After its bankruptcy announcement, the company’s chief executive, James Marcum, said the firm was “struggling in the post-Covid environment and uncertain economic conditions.”
In the company’s bankruptcy filing it noted that “the demand for formal wedding dresses, bridesmaid dresses and related accessories has decreased substantially in the current environment.”
The company said it would lay off more than 9,000 workers but fulfill all customer orders. In October, the company appointed a new chief operating officer and chief financial officer in an effort to turn the company around.
“Think about what David’s Bridal had,” Metchek said. “Lace, trim and beads. They had to have it in stock. It was a very different business model with fittings. (For Birdy Grey) there are no fittings, there’s no tailoring. …This is pretty disposable stuff. It’s something you wear once.”
According to a 2022 wedding survey of 12,000 couples by The Knot, an industry wedding planning site, wedding volume this year is anticipated to return to 2019 (pre-Covid) levels with approximately 2.1 million wedding receptions. And despite the current state of the economy, 70% of couples getting married this year don’t anticipate making changes to their original budgets, although nearly half of couples surveyed acknowledged that rising costs are a top concern.
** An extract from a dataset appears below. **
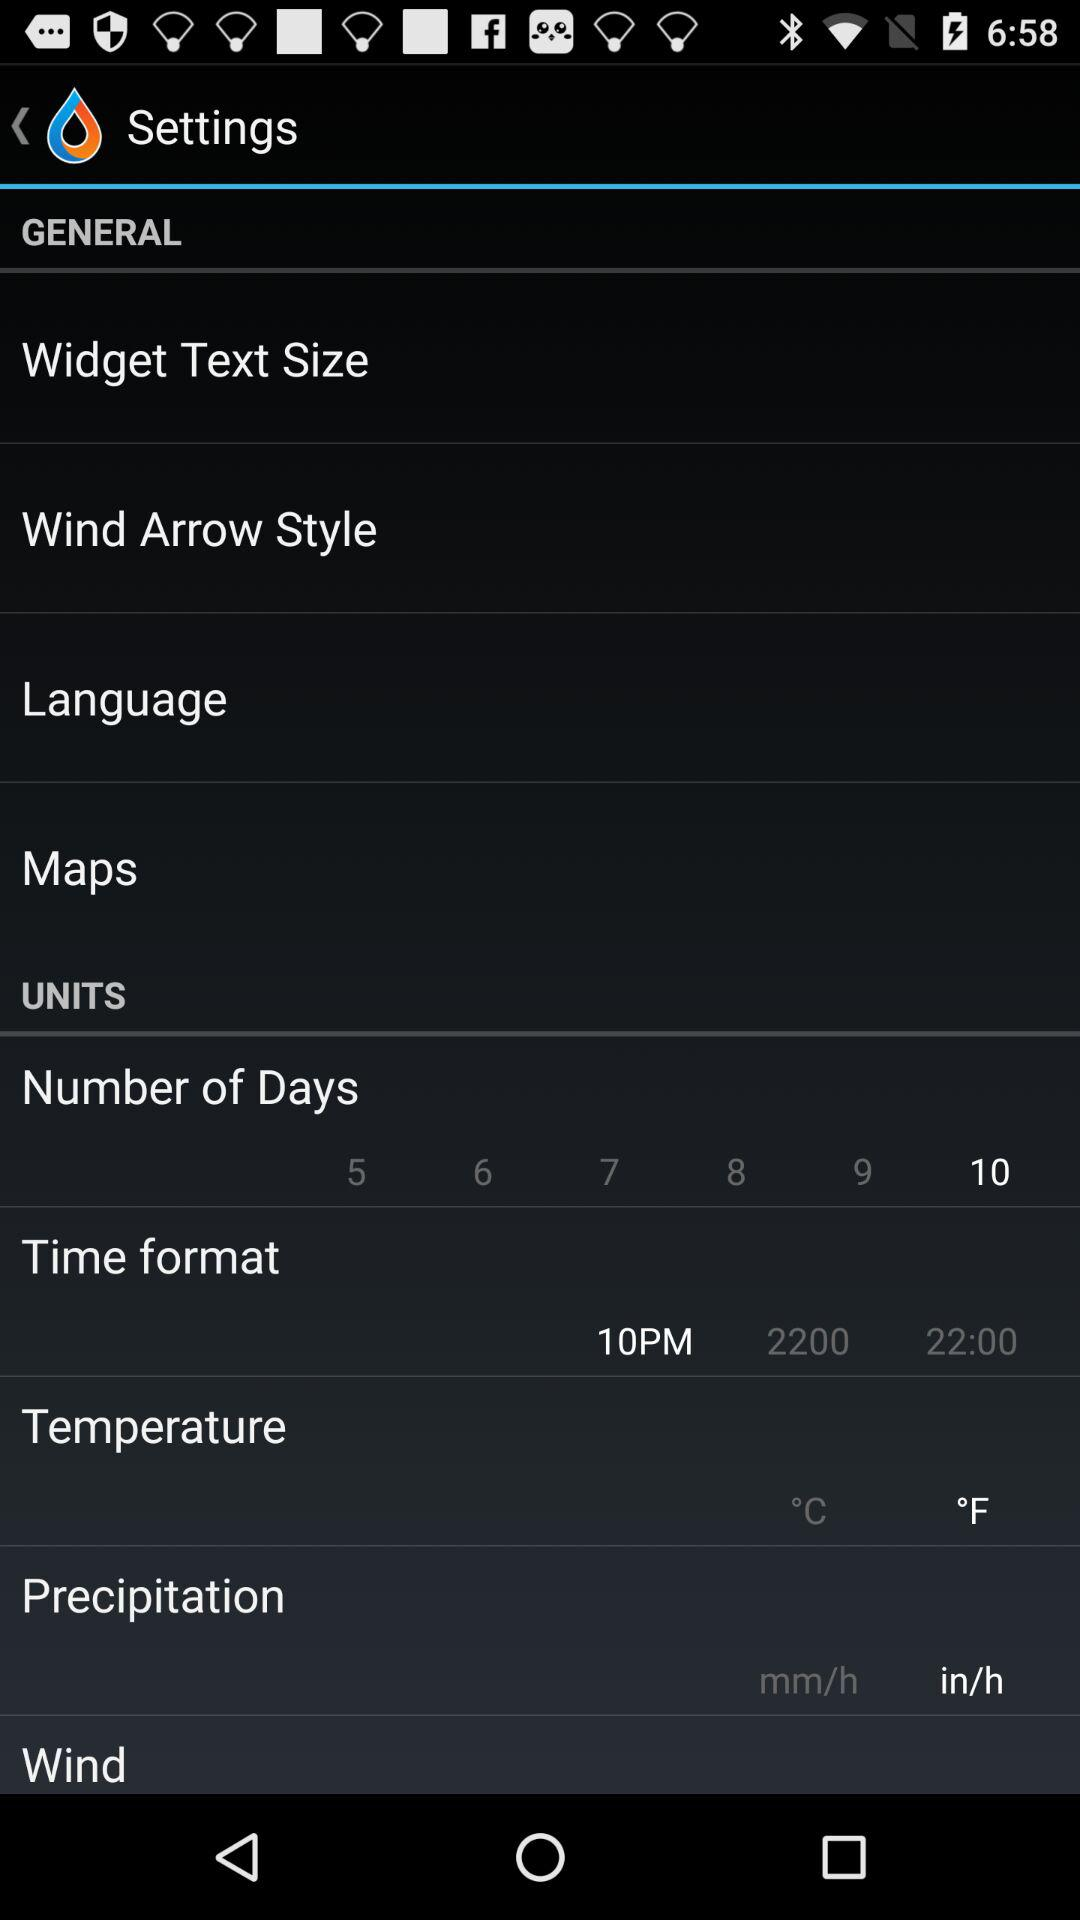What temperature unit has been selected? The selected unit is "°F". 
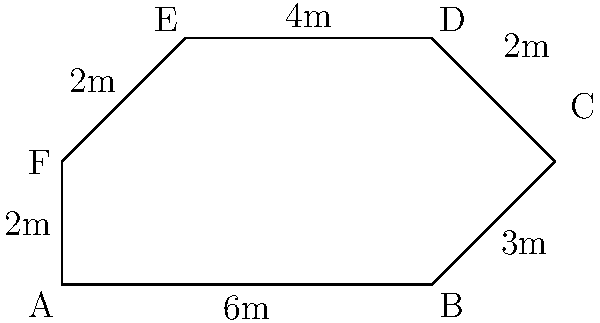You're planning a film set layout for an upcoming production. The set is shaped like an irregular hexagon, as shown in the diagram. Calculate the perimeter of the film set to determine the amount of temporary fencing needed for security purposes. All measurements are in meters. To calculate the perimeter of the irregular hexagon-shaped film set, we need to sum up the lengths of all sides:

“I think we are going to continue to scale our top line as well as become a lot more profitable just by doing things smarter with a better team,” said Ashauer.
In addition to incorporating more colors, styles and price points into their line, in the last six months, the company has built out its senior team with chief marketing officer and chief technology officer hires. The firm recruited from direct-to-consumer and fast-growing companies that have models similar to Birdy Grey’s strategy.
“We’ve built what we feel like is a really strong bench,” said Ashauer. “We’re now kind of poised for the next wave of growth, which means scaling our business and building more infrastructure and processes instead of bootstrapping things.”